A great example of this system capability is Intel’s new virtual switching reference design for the Intel® Xeon® Scalable processor with integrated FPGA. This reference design uses the FPGA for infrastructure dataplane switching, while the processor does application processing or processes virtual machines. This helps simplify network complexity and improve the productivity of the processor.
This solution is also compatible with the Open Virtual Switch (OVS) framework and delivers a dramatic 3.2X throughput improvement at half the latency and 2X more VMs as compared to OVS running on an equivalent processor without FPGA acceleration.1 Additionally, code compatibility with Intel’s OVS-DPDK software makes data center retrofits simple and scalable to optimize operational agility.
Fujitsu, a lead partner, plans to deliver systems based on the Intel® Xeon® processor with integrated FPGA and Intel’s OVS reference design. They are making the Intel® virtual switching reference design even more robust for the networking environment through their reliability, availability, and serviceability (RAS) with performance monitoring and debug assisting functions. This solution is being demonstrated this week at the Fujitsu Forum in Tokyo.

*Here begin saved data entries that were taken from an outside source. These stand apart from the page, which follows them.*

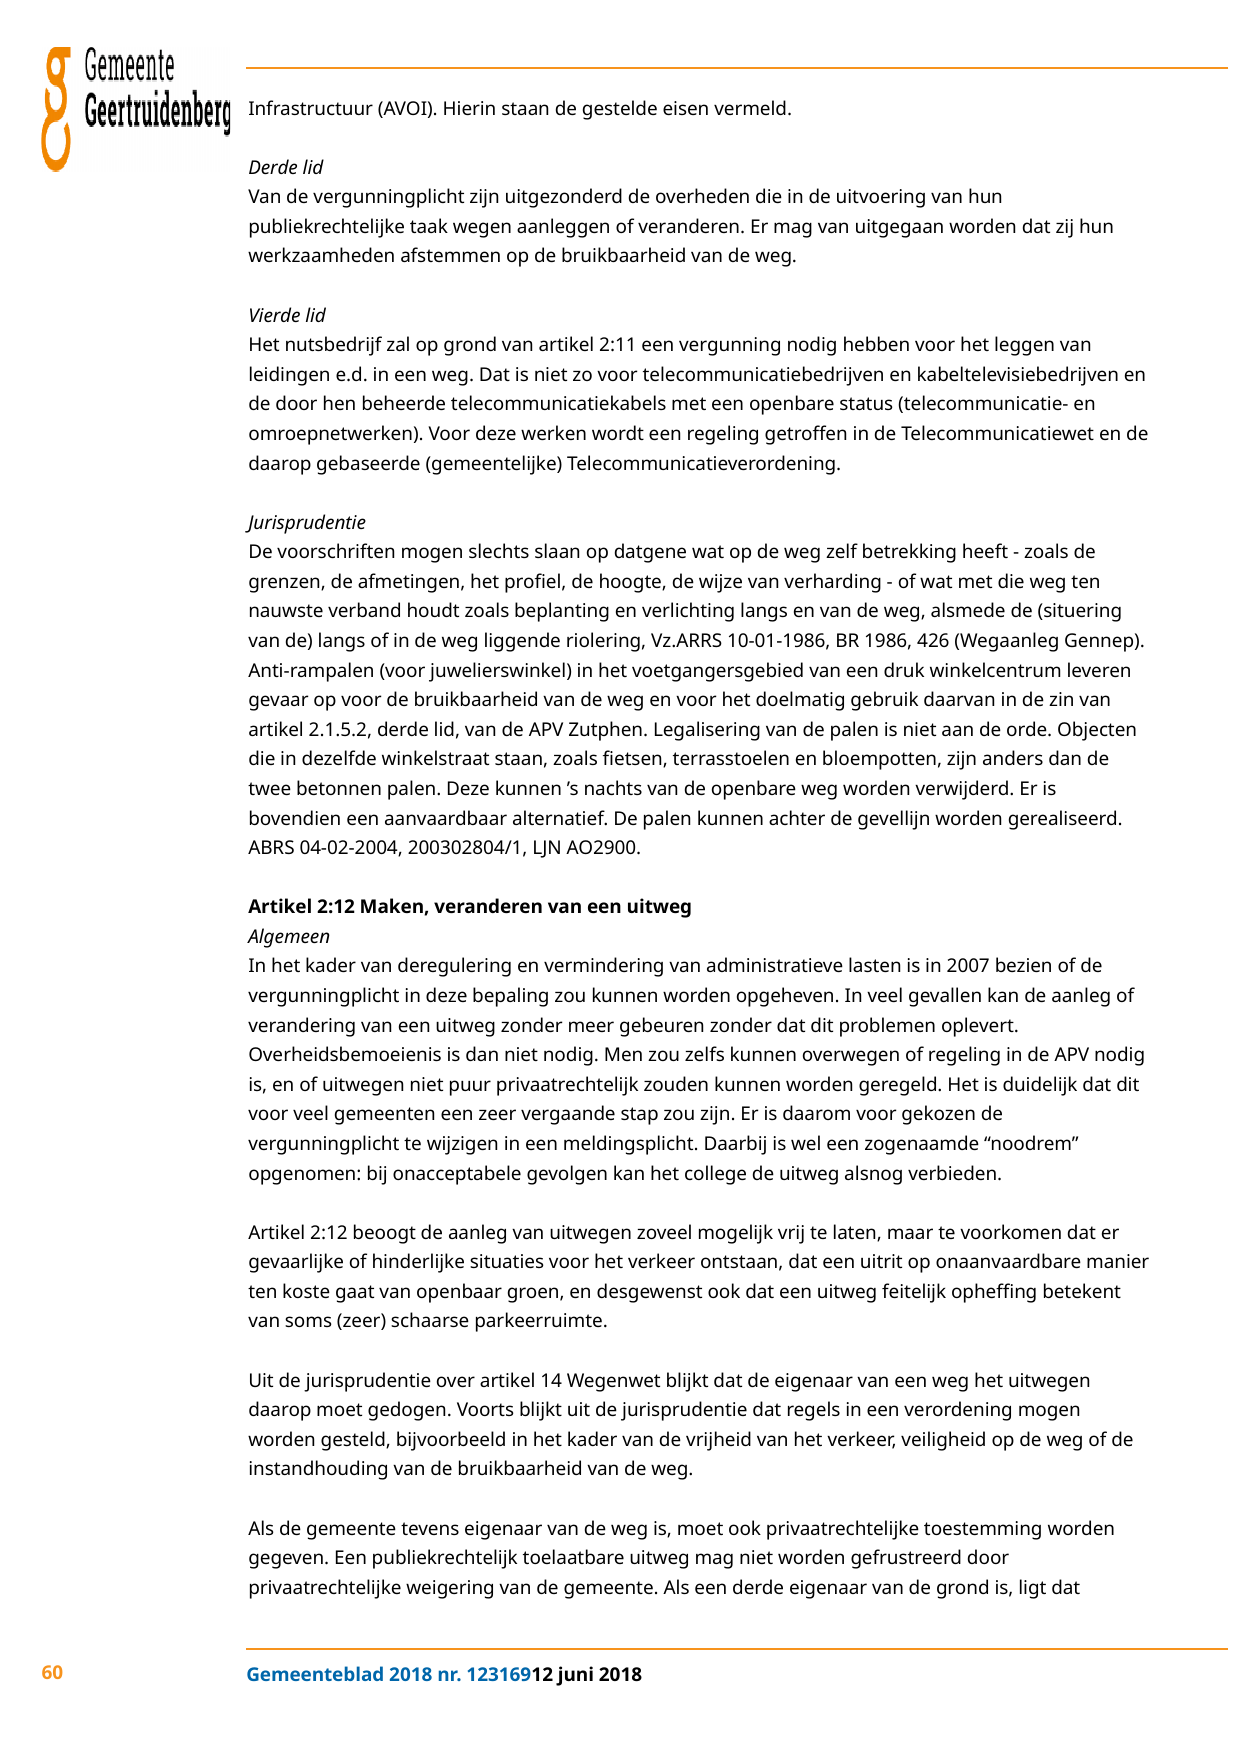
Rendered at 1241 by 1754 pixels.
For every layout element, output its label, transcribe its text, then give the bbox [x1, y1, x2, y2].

text Infrastructuur (AVOI). Hierin staan de gestelde eisen vermeld. [248, 95, 1152, 121]
text Vierde lid [248, 302, 1152, 328]
text Jurisprudentie [248, 509, 1152, 535]
text Artikel 2:12 beoogt de aanleg van uitwegen zoveel mogelijk vrij te laten, maar te voorkomen dat er gevaarlijke of hinderlijke situaties voor het verkeer ontstaan, dat een uitrit op onaanvaardbare manier ten koste gaat van openbaar groen, en desgewenst ook dat een uitweg feitelijk opheffing betekent van soms (zeer) schaarse parkeerruimte. [248, 1219, 1152, 1333]
picture [41, 47, 231, 172]
text De voorschriften mogen slechts slaan op datgene wat op de weg zelf betrekking heeft - zoals de grenzen, de afmetingen, het profiel, de hoogte, de wijze van verharding - of wat met die weg ten nauwste verband houdt zoals beplanting en verlichting langs en van de weg, alsmede de (situering van de) langs of in de weg liggende riolering, Vz.ARRS 10-01-1986, BR 1986, 426 (Wegaanleg Gennep). [248, 538, 1152, 653]
text Artikel 2:12 Maken, veranderen van een uitweg [248, 893, 1152, 919]
text Algemeen [248, 923, 1152, 949]
text Als de gemeente tevens eigenaar van de weg is, moet ook privaatrechtelijke toestemming worden gegeven. Een publiekrechtelijk toelaatbare uitweg mag niet worden gefrustreerd door privaatrechtelijke weigering van de gemeente. Als een derde eigenaar van de grond is, ligt dat [248, 1515, 1152, 1600]
text Van de vergunningplicht zijn uitgezonderd de overheden die in de uitvoering van hun publiekrechtelijke taak wegen aanleggen of veranderen. Er mag van uitgegaan worden dat zij hun werkzaamheden afstemmen op de bruikbaarheid van de weg. [248, 183, 1152, 268]
text Het nutsbedrijf zal op grond van artikel 2:11 een vergunning nodig hebben voor het leggen van leidingen e.d. in een weg. Dat is niet zo voor telecommunicatiebedrijven en kabeltelevisiebedrijven en de door hen beheerde telecommunicatiekabels met een openbare status (telecommunicatie- en omroepnetwerken). Voor deze werken wordt een regeling getroffen in de Telecommunicatiewet en de daarop gebaseerde (gemeentelijke) Telecommunicatieverordening. [248, 331, 1152, 476]
text Uit de jurisprudentie over artikel 14 Wegenwet blijkt dat de eigenaar van een weg het uitwegen daarop moet gedogen. Voorts blijkt uit de jurisprudentie dat regels in een verordening mogen worden gesteld, bijvoorbeeld in het kader van de vrijheid van het verkeer, veiligheid op de weg of de instandhouding van de bruikbaarheid van de weg. [248, 1367, 1152, 1481]
text Derde lid [248, 154, 1152, 180]
text Anti-rampalen (voor juwelierswinkel) in het voetgangersgebied van een druk winkelcentrum leveren gevaar op voor de bruikbaarheid van de weg en voor het doelmatig gebruik daarvan in de zin van artikel 2.1.5.2, derde lid, van de APV Zutphen. Legalisering van de palen is niet aan de orde. Objecten die in dezelfde winkelstraat staan, zoals fietsen, terrasstoelen en bloempotten, zijn anders dan de twee betonnen palen. Deze kunnen ’s nachts van de openbare weg worden verwijderd. Er is bovendien een aanvaardbaar alternatief. De palen kunnen achter de gevellijn worden gerealiseerd. ABRS 04-02-2004, 200302804/1, LJN AO2900. [248, 657, 1152, 860]
text In het kader van deregulering en vermindering van administratieve lasten is in 2007 bezien of de vergunningplicht in deze bepaling zou kunnen worden opgeheven. In veel gevallen kan de aanleg of verandering van een uitweg zonder meer gebeuren zonder dat dit problemen oplevert. Overheidsbemoeienis is dan niet nodig. Men zou zelfs kunnen overwegen of regeling in de APV nodig is, en of uitwegen niet puur privaatrechtelijk zouden kunnen worden geregeld. Het is duidelijk dat dit voor veel gemeenten een zeer vergaande stap zou zijn. Er is daarom voor gekozen de vergunningplicht te wijzigen in een meldingsplicht. Daarbij is wel een zogenaamde “noodrem” opgenomen: bij onacceptabele gevolgen kan het college de uitweg alsnog verbieden. [248, 953, 1152, 1186]

FPGAs continue to be an important part of Intel’s portfolio of workload-optimized solutions for the data center. Going forward, we will continue to improve ease of use of Intel® FPGAs and other accelerators in the datacenter. To provide our customers with greater deployment flexibility, Intel’s future roadmap will introduce a discrete FPGA solution with faster coherent and increased high-bandwidth interconnect enabled by the Acceleration Stack for Intel® Xeon® CPU with FPGAs. It will support code migration from the Intel® Xeon® Scalable processor with Integrated FPGA and the Intel® Programmable Acceleration Card (Intel® PAC) solutions, and will continue to be optimized for enhanced bandwidth and low latency.
To learn more about the new Intel® Xeon® Scalable processor with integrated FPGA, visit www.intel.com/accelerators.

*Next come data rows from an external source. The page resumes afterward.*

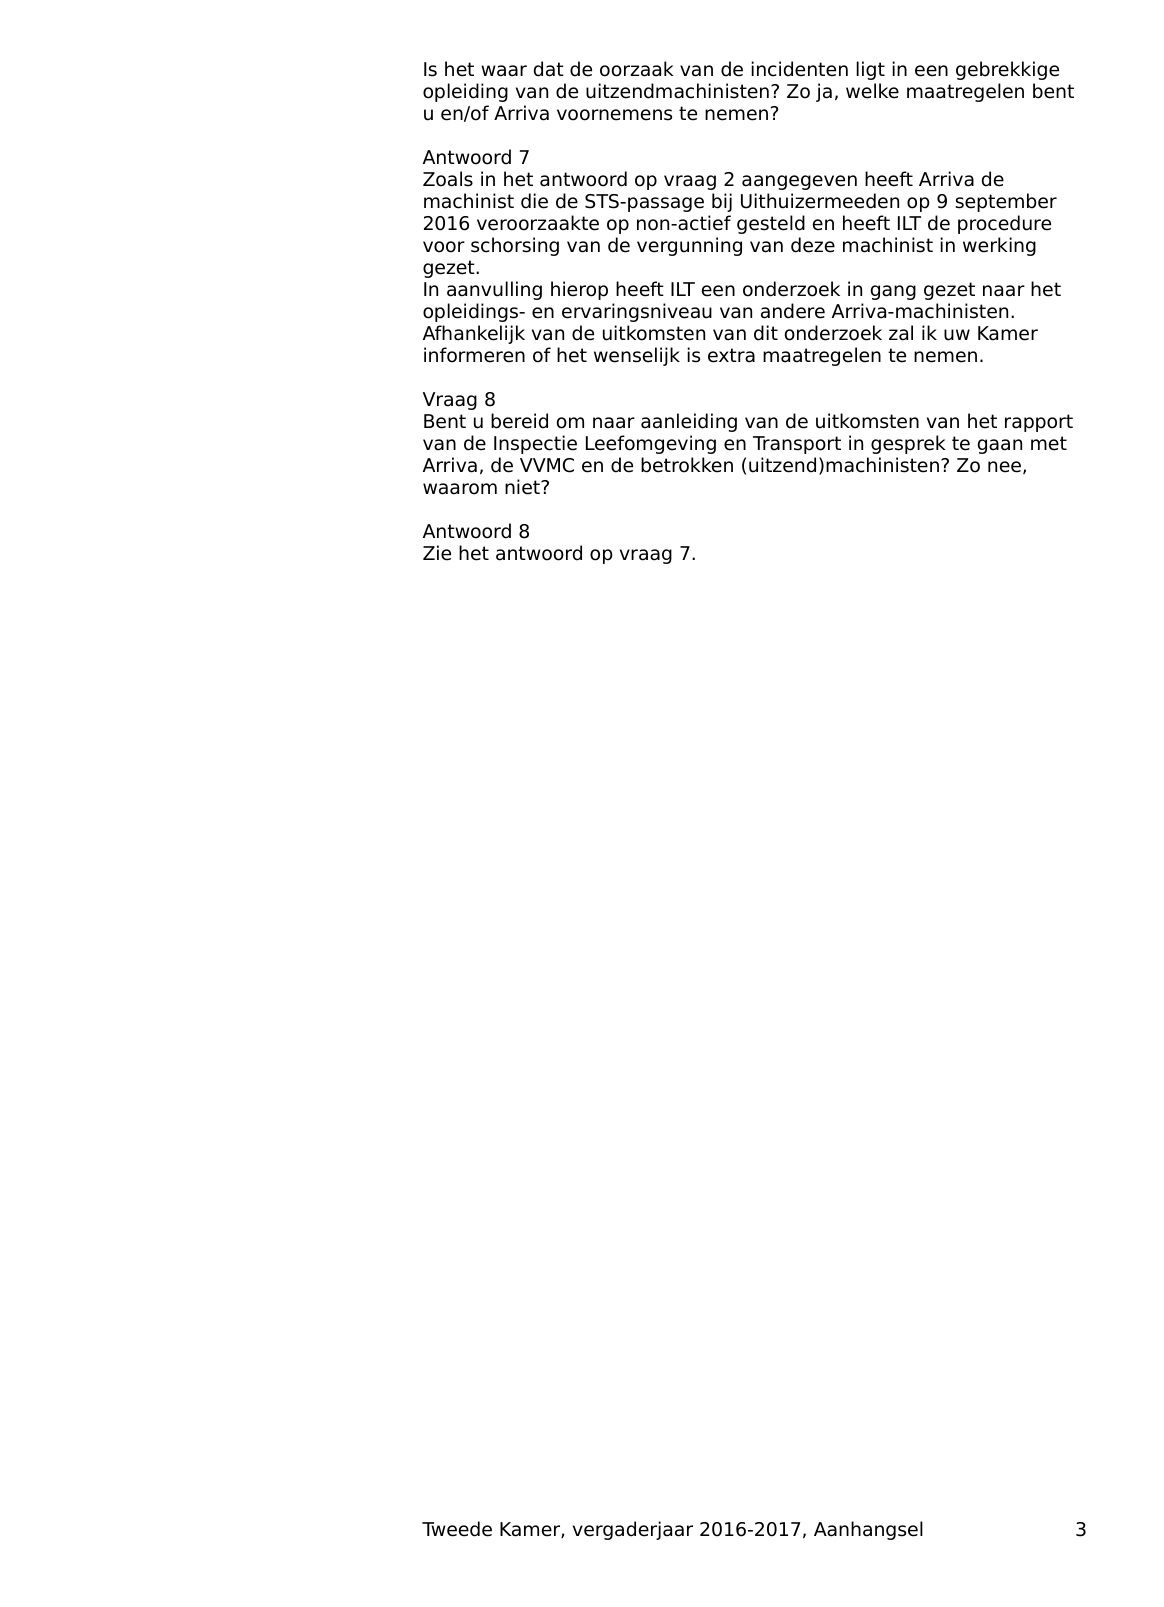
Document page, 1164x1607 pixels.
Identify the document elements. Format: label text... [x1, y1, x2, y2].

text Bent u bereid om naar aanleiding van de uitkomsten van het rapport van de Inspectie Leefomgeving en Transport in gesprek te gaan met Arriva, de VVMC en de betrokken (uitzend)machinisten? Zo nee, waarom niet? [422, 411, 1087, 499]
text Antwoord 7 [422, 147, 1087, 169]
text Zoals in het antwoord op vraag 2 aangegeven heeft Arriva de machinist die de STS-passage bij Uithuizermeeden op 9 september 2016 veroorzaakte op non-actief gesteld en heeft ILT de procedure voor schorsing van de vergunning van deze machinist in werking gezet. [422, 169, 1087, 279]
text In aanvulling hierop heeft ILT een onderzoek in gang gezet naar het opleidings- en ervaringsniveau van andere Arriva-machinisten. Afhankelijk van de uitkomsten van dit onderzoek zal ik uw Kamer informeren of het wenselijk is extra maatregelen te nemen. [422, 279, 1087, 367]
text Zie het antwoord op vraag 7. [422, 543, 1087, 565]
text Vraag 8 [422, 389, 1087, 411]
text Antwoord 8 [422, 521, 1087, 543]
text Is het waar dat de oorzaak van de incidenten ligt in een gebrekkige opleiding van de uitzendmachinisten? Zo ja, welke maatregelen bent u en/of Arriva voornemens te nemen? [422, 59, 1087, 125]

Image source: Intel Now Intel has finally announced that they are shipping their Xeon 6138P Gold with integrated FPGA accelerator to selected customers.
The Intel Xeon 6138P includes one Arria10 GX 1150 FPGA core, with up to 160Gbps of I/O bandwidth and a cache-coherent interface for tightly coupled acceleration. The Arria FPGA has its own cache and connects with the Xeon processor via Intel’s ultra fast UPI (Ultra Path Interconnect). The data sharing between processor and FPGA do not need DMA access, reducing programming complexity.
According Anandtech, “The Xeon Scalable Gold 6138 is already an existing CPU, and the x86 silicon on the 6138P looks to be identical between the two parts: A 20C/40T CPU, with a 2GHz base clock, 3.7GHz boost, with 6 channels of DDR4 support. The PCIe lane count is different — 48 lanes on the base 6138 compared with 32 lanes on the 6138P — but this almost certainly means that 16 of those PCIe 3.0 lanes have been diverted for bandwidth for the FPGA.”
According to Intel, the integrated processor Xeon delivers a 3.2x throughput improvement at half the latency compared to an FPGA-less Xeon device.
In the announcement, Intel has stated that “Fujitsu, a lead partner, plans to deliver systems based on the Intel® Xeon® processor with integrated FPGA and Intel’s OVS reference design. They are making the Intel® virtual switching reference design even more robust for the networking environment through their reliability, availability, and serviceability (RAS) with performance monitoring and debug assisting functions. This solution is being demonstrated this week at the Fujitsu Forum in Tokyo.”